*** EXCERPTED DATA ***

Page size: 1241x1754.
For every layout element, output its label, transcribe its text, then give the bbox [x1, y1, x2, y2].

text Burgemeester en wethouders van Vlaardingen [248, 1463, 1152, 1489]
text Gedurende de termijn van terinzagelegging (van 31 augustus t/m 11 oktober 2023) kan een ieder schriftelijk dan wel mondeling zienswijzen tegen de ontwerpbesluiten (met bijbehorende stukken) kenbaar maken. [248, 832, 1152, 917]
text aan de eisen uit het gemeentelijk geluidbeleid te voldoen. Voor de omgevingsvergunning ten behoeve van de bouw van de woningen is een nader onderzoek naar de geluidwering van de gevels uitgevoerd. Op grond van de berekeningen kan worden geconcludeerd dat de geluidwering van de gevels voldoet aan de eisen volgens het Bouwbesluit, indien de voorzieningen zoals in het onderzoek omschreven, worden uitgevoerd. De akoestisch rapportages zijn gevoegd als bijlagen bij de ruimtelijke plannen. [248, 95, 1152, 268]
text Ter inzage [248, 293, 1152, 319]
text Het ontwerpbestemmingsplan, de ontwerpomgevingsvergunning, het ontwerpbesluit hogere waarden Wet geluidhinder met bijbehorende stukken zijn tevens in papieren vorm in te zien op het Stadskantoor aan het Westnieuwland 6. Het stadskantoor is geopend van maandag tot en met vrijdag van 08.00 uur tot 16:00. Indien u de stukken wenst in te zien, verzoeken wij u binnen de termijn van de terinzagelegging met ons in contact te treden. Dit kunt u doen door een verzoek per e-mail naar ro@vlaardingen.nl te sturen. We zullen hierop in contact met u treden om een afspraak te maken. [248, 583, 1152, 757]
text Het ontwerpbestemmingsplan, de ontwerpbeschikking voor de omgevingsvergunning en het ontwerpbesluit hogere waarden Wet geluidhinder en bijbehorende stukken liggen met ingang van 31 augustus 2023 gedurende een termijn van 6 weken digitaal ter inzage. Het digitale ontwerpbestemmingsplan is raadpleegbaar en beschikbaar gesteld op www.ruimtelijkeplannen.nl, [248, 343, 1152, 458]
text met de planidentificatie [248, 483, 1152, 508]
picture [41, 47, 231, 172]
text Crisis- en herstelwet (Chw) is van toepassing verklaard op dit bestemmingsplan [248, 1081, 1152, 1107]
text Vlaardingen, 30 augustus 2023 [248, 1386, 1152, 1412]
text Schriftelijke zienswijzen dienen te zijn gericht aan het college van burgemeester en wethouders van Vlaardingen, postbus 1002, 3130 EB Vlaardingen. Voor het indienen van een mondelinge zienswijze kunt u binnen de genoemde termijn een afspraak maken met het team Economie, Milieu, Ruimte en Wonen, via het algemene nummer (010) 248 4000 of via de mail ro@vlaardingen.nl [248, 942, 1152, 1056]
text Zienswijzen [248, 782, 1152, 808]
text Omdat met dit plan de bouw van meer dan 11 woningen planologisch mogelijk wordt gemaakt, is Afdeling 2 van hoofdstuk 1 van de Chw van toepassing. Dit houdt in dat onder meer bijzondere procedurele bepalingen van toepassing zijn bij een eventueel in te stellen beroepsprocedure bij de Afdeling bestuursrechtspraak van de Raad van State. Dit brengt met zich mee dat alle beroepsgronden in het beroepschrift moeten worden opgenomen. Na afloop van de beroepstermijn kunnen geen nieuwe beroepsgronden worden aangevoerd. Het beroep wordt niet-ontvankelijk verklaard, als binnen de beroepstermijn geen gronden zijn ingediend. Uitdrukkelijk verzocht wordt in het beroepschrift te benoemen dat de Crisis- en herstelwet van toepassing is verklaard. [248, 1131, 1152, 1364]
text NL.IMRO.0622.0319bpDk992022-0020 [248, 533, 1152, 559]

***
*** EXCERPTED DATA ***

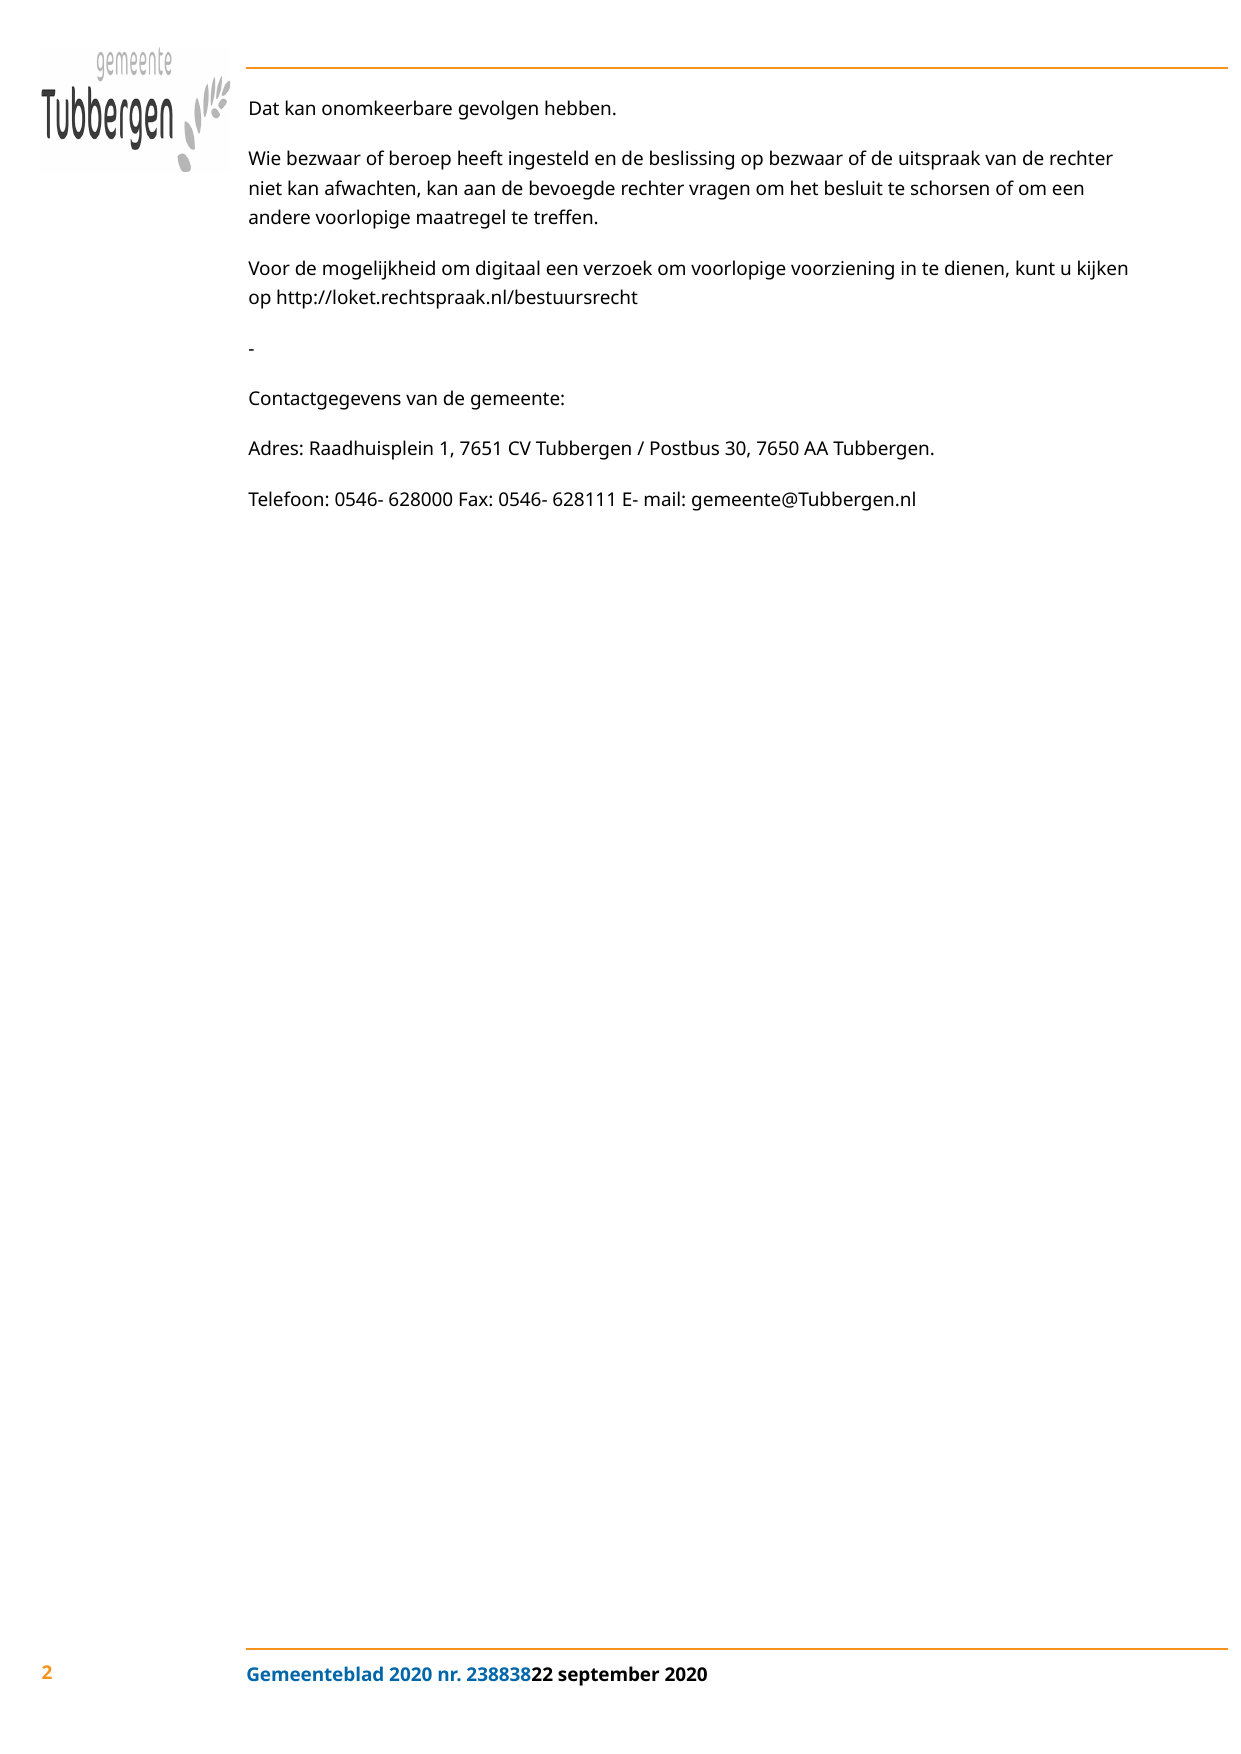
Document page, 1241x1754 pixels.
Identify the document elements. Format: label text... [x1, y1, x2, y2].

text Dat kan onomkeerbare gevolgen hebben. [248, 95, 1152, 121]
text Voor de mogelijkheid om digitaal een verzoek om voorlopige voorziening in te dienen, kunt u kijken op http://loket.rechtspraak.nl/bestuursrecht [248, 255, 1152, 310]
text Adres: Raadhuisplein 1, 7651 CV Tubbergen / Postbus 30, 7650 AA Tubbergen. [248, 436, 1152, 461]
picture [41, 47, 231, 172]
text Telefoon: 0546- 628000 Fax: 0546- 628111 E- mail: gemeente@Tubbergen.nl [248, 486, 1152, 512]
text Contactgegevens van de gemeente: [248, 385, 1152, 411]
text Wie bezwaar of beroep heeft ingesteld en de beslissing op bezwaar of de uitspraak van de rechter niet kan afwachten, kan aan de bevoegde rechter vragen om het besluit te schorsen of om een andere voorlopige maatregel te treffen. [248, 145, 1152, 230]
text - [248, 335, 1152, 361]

***

_WHAT IS EXPECTED:_ With the first line being the one containing "Page size: 1241x1754." and the last line the one containing "text Burgemeester en", transcribe exactly the lines above that fall in that range.

_WORKED SOLUTION:_
Page size: 1241x1754.
For every layout element, output its label, transcribe its text, then give the bbox [x1, y1, x2, y2].

text Burgemeester en wethouders van Vlaardingen [248, 1463, 1152, 1489]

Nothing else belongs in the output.